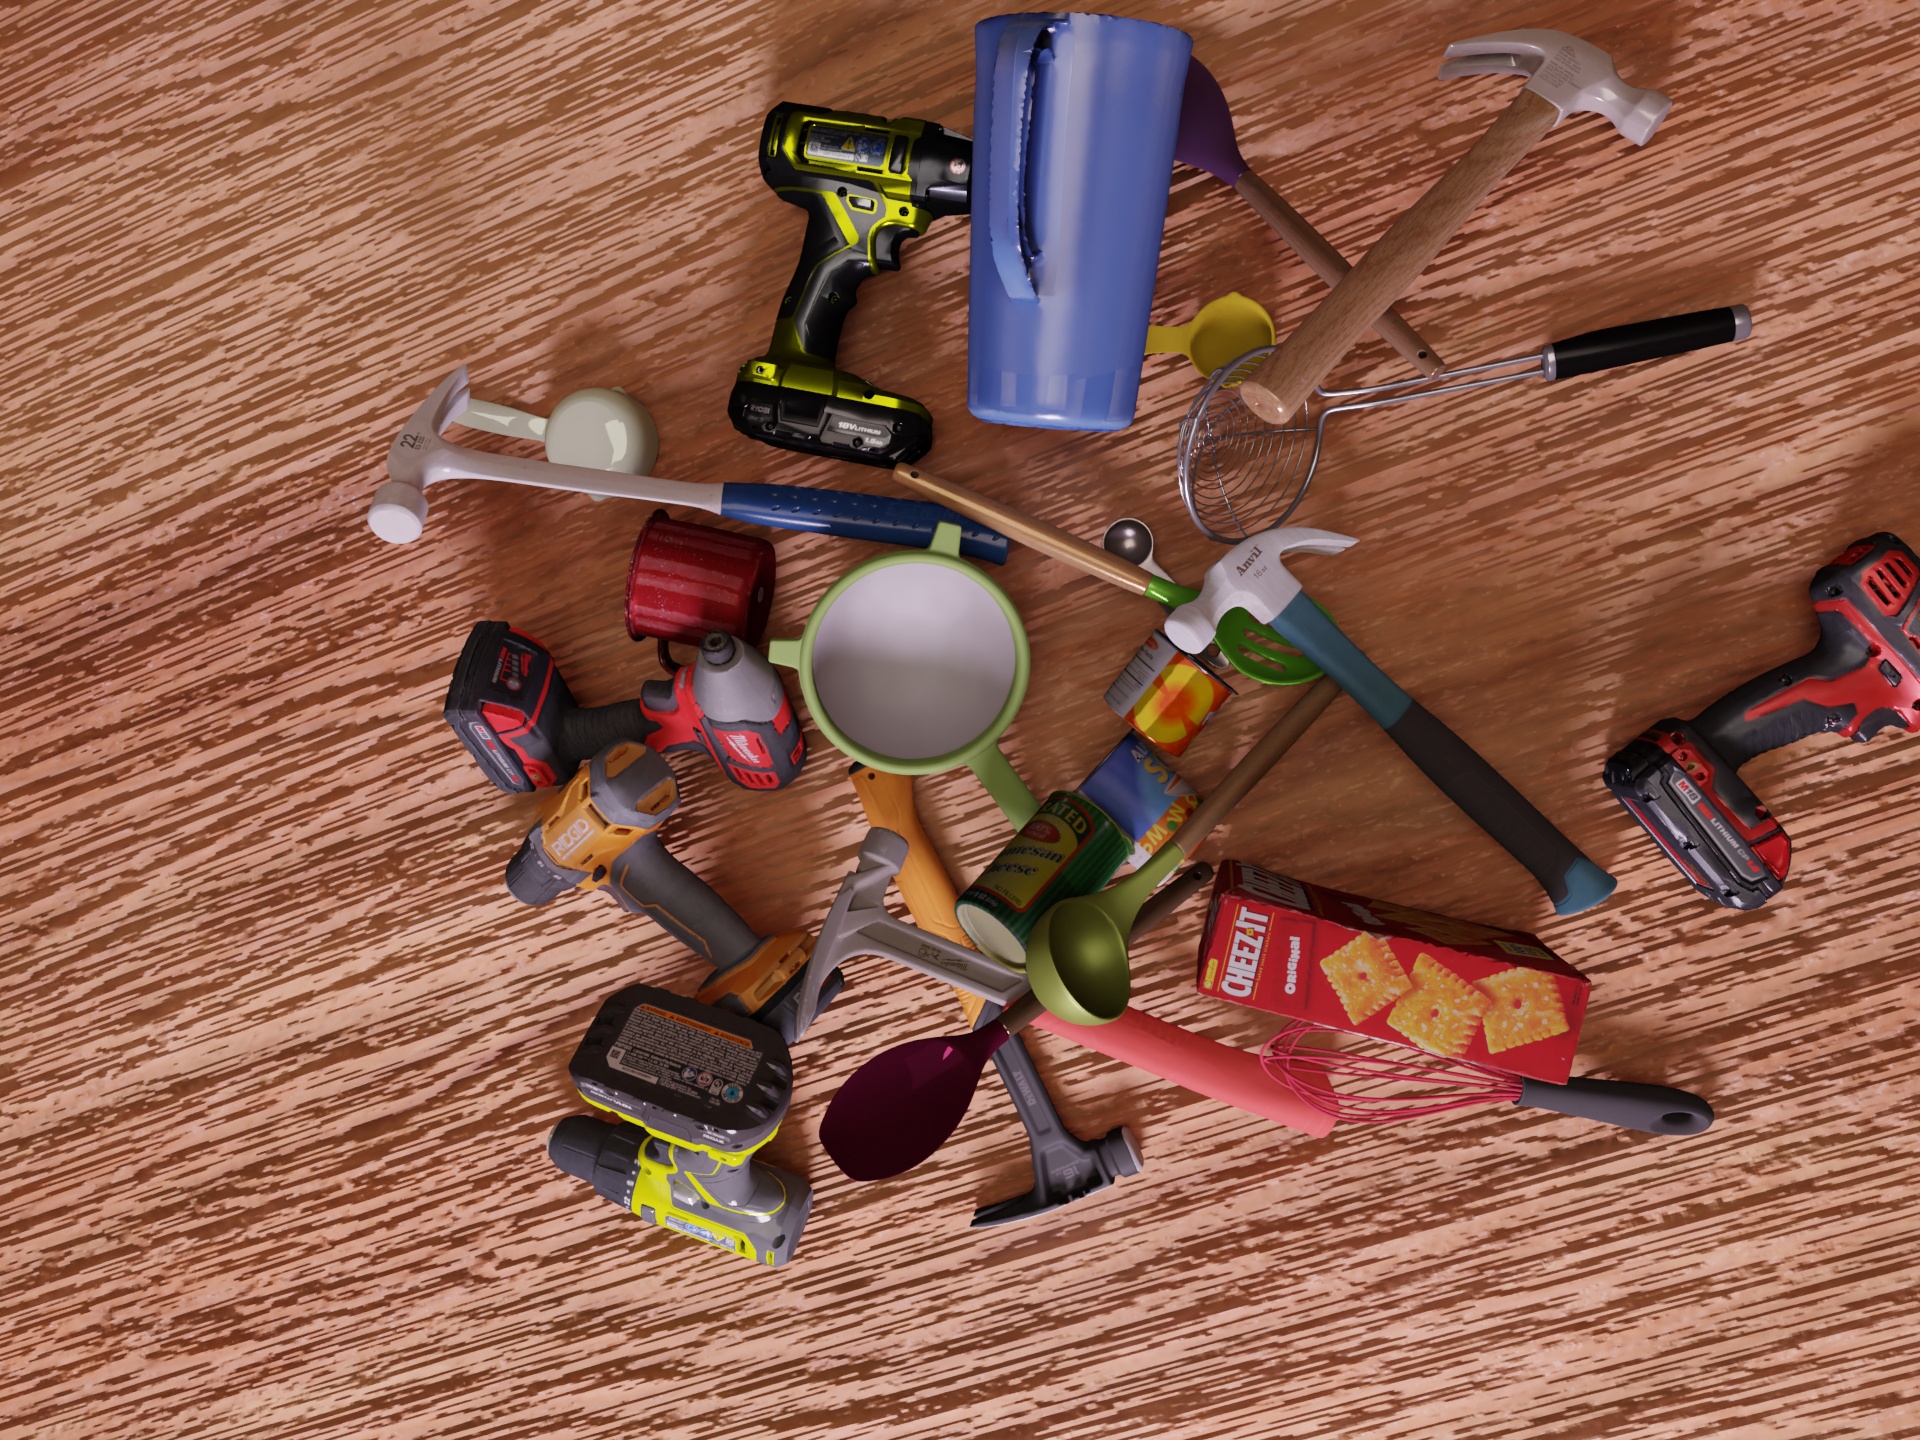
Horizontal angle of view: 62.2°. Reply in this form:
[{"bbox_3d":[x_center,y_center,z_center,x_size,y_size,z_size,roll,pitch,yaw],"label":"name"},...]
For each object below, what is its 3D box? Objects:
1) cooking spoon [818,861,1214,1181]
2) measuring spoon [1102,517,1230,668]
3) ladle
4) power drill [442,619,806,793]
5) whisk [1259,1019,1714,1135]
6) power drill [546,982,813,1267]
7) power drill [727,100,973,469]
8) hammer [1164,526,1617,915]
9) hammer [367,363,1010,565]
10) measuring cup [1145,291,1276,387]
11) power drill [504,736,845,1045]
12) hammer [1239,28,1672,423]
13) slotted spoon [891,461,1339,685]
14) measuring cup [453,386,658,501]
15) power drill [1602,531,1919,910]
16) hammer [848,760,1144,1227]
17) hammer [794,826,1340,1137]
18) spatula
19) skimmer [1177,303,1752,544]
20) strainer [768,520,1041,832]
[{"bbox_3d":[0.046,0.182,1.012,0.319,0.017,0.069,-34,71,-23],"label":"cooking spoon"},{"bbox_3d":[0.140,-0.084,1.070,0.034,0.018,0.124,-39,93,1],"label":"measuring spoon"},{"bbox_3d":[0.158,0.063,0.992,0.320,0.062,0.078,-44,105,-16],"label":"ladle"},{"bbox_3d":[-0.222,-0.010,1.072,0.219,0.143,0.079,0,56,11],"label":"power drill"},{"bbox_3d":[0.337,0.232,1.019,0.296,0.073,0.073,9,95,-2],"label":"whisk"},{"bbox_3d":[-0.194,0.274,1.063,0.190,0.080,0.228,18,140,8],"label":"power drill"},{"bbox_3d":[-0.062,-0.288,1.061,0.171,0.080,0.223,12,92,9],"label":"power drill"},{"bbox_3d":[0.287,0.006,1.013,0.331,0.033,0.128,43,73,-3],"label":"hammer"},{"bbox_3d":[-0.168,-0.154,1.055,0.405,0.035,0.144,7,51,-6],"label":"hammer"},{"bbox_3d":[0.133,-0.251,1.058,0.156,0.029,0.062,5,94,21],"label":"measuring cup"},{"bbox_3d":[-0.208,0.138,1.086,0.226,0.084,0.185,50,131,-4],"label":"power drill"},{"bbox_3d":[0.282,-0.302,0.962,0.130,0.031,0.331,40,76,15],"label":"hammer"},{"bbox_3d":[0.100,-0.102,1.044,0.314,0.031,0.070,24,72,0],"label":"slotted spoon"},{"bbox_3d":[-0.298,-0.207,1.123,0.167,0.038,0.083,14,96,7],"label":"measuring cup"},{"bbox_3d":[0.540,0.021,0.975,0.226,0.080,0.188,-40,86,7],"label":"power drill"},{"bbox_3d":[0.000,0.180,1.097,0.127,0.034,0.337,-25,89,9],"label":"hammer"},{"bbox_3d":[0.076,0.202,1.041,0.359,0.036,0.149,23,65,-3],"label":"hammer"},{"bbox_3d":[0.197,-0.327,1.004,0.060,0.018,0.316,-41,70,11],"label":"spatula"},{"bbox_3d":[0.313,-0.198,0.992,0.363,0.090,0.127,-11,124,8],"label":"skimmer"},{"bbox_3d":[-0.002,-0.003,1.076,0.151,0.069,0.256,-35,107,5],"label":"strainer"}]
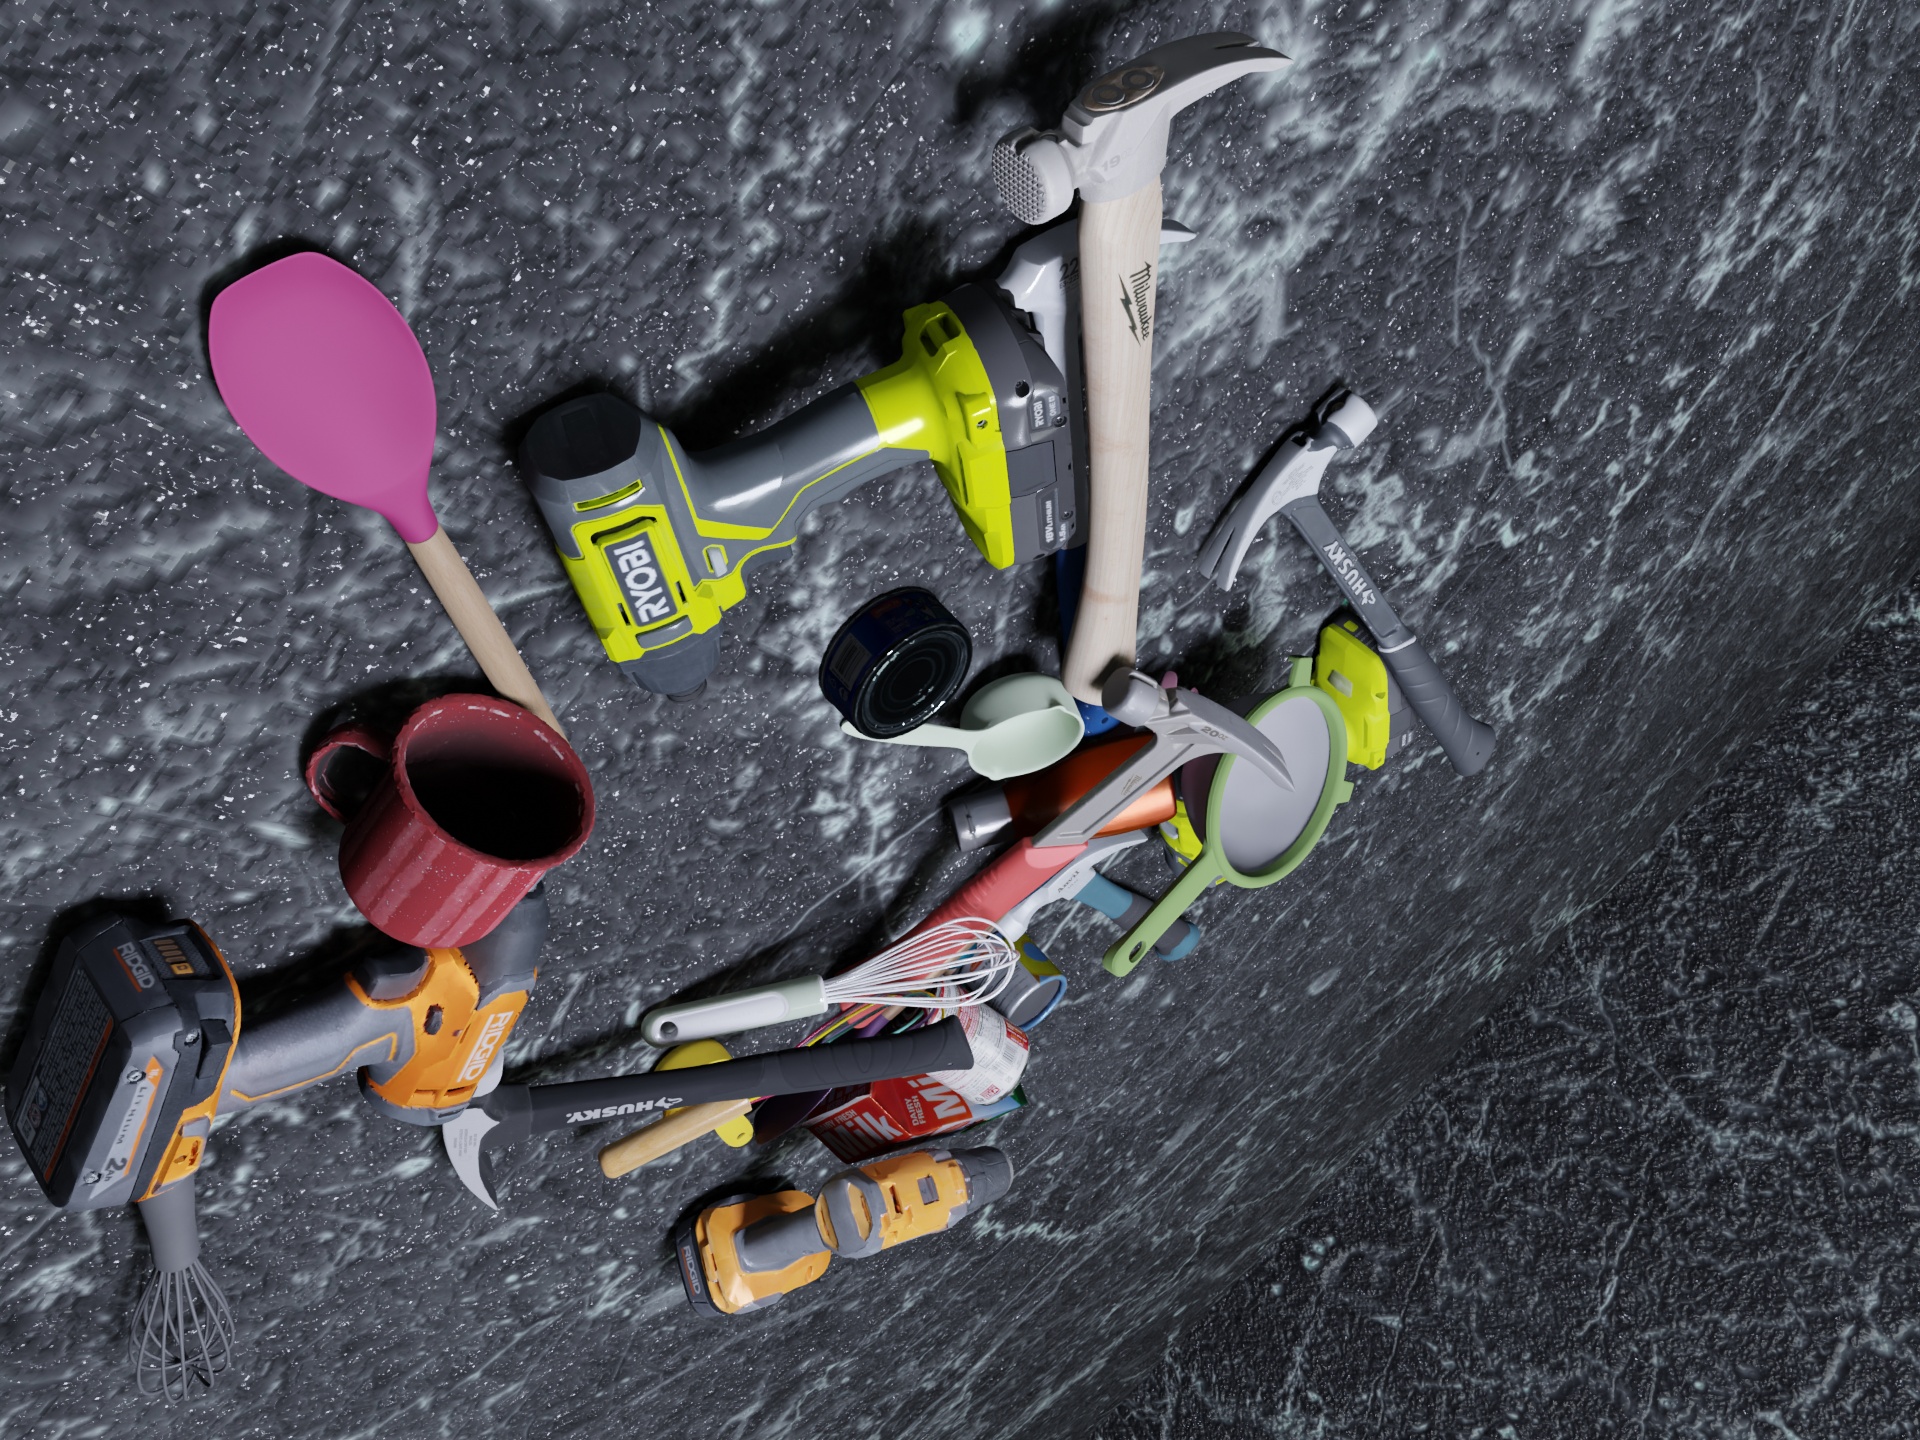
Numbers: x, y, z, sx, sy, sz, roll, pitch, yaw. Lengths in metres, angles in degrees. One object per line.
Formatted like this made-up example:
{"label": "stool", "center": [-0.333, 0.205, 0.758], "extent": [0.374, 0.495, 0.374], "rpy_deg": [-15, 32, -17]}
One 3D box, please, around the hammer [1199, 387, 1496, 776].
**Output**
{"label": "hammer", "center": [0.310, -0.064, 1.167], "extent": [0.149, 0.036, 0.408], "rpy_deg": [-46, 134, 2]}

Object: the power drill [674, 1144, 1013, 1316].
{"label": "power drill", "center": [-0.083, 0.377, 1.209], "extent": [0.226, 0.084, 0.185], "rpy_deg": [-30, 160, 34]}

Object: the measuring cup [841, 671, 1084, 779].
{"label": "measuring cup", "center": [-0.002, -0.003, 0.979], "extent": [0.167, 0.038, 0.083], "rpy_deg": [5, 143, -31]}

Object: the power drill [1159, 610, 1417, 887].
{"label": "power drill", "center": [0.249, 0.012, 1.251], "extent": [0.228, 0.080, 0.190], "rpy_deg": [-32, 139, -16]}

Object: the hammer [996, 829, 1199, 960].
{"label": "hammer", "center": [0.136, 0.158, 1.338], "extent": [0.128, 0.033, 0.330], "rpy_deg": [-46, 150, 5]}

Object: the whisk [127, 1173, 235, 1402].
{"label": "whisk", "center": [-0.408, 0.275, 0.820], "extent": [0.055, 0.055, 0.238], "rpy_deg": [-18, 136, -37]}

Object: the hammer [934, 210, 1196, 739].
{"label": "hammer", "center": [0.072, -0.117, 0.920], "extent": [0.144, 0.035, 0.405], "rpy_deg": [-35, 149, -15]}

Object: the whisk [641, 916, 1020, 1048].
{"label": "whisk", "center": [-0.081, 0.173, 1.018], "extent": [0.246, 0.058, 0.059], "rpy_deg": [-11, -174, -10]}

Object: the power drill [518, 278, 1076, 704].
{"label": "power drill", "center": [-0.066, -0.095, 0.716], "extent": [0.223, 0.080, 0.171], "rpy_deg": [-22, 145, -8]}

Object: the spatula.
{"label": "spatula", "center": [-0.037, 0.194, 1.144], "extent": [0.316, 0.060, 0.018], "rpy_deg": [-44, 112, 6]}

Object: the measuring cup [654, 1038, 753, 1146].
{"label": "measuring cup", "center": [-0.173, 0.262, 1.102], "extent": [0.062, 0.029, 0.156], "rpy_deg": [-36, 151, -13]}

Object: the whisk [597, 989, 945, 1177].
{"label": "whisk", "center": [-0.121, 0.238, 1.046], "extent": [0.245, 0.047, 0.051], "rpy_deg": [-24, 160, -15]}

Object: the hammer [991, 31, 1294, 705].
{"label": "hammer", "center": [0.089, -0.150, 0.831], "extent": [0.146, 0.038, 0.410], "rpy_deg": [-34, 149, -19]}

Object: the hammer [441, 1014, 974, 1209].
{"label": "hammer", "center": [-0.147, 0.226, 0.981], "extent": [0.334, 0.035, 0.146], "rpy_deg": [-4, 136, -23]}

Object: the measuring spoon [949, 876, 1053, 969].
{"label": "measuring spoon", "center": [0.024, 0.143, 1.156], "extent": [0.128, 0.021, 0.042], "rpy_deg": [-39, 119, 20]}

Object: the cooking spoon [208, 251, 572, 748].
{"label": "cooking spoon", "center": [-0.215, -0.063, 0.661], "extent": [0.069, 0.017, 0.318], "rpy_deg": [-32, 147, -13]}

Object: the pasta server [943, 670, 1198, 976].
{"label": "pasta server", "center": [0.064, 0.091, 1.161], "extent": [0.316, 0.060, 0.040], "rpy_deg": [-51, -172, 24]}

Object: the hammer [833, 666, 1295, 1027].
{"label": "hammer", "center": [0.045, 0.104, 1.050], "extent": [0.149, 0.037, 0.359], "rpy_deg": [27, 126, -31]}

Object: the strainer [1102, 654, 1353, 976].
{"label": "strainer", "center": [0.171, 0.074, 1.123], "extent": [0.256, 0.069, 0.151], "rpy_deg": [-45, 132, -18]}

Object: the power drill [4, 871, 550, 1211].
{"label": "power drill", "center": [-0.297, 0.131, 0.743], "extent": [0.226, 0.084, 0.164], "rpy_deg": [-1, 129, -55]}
━━━━━━━━━━━━━━━━━━━━
Show all lines in the entries above where the word "pitch" appears.

> **Answer area**
[{"bbox_3d":[x_center,y_center,z_center,x_size,y_size,z_size,roll,pitch,yaw],"label":"name"},...]
Numbers: x, y, z, sx, sy, sz, roll, pitch, yaw. Lengths in metres, angles in degrees. One object per line.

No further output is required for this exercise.